- Your goal
I'd like the number of lines in the material below that include the word "Numbers", written with no other text.

- Records
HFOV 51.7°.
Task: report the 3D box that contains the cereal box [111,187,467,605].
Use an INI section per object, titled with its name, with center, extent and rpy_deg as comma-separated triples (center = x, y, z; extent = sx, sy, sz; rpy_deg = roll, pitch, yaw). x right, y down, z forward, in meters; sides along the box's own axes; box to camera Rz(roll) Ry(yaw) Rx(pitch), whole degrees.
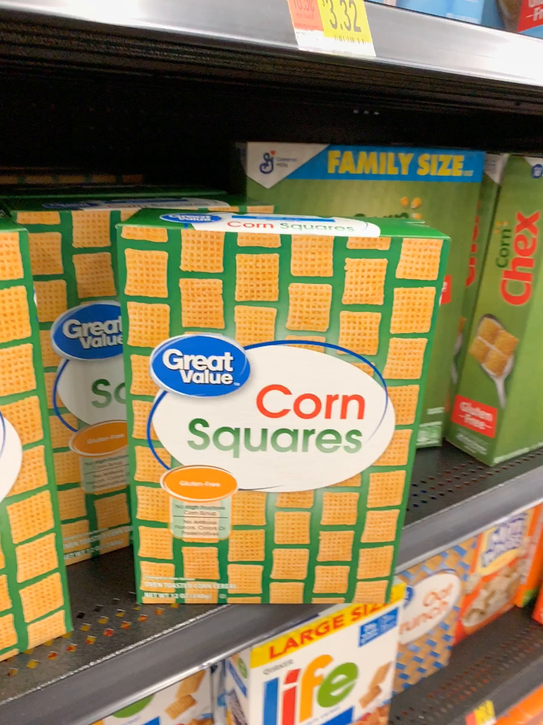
[cereal box]
center = 0.001, 0.035, 0.400
extent = 0.200, 0.289, 0.070
rpy_deg = 2, 22, -5
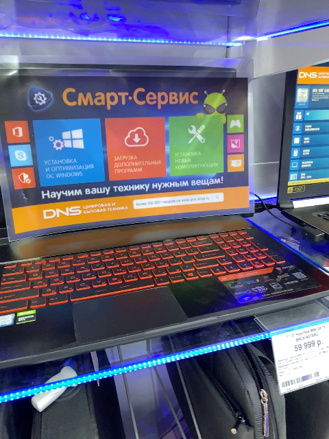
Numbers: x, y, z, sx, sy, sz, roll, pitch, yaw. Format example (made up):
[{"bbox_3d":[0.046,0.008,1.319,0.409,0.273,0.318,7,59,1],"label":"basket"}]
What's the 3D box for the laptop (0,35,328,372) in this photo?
[{"bbox_3d":[-0.026,-0.063,0.413,0.404,0.237,0.288,-6,22,-17],"label":"laptop"}]
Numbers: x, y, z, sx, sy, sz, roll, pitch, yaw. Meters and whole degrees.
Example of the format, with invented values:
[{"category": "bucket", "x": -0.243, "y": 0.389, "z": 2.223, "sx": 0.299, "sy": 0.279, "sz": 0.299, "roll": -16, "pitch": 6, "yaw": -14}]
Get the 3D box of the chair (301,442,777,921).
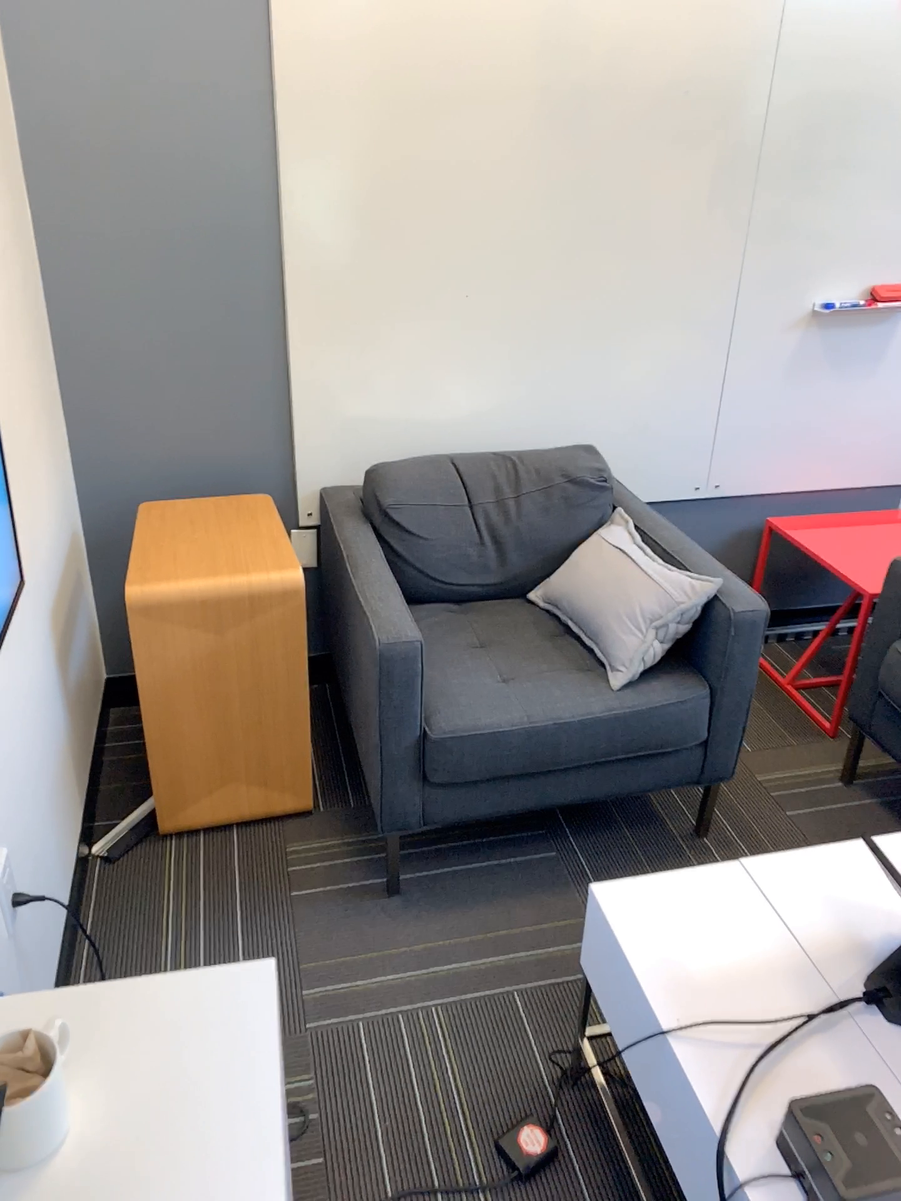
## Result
[{"category": "chair", "x": 0.117, "y": 0.114, "z": 2.304, "sx": 0.840, "sy": 0.716, "sz": 0.946, "roll": -5, "pitch": 28, "yaw": -15}]

- Written solution
2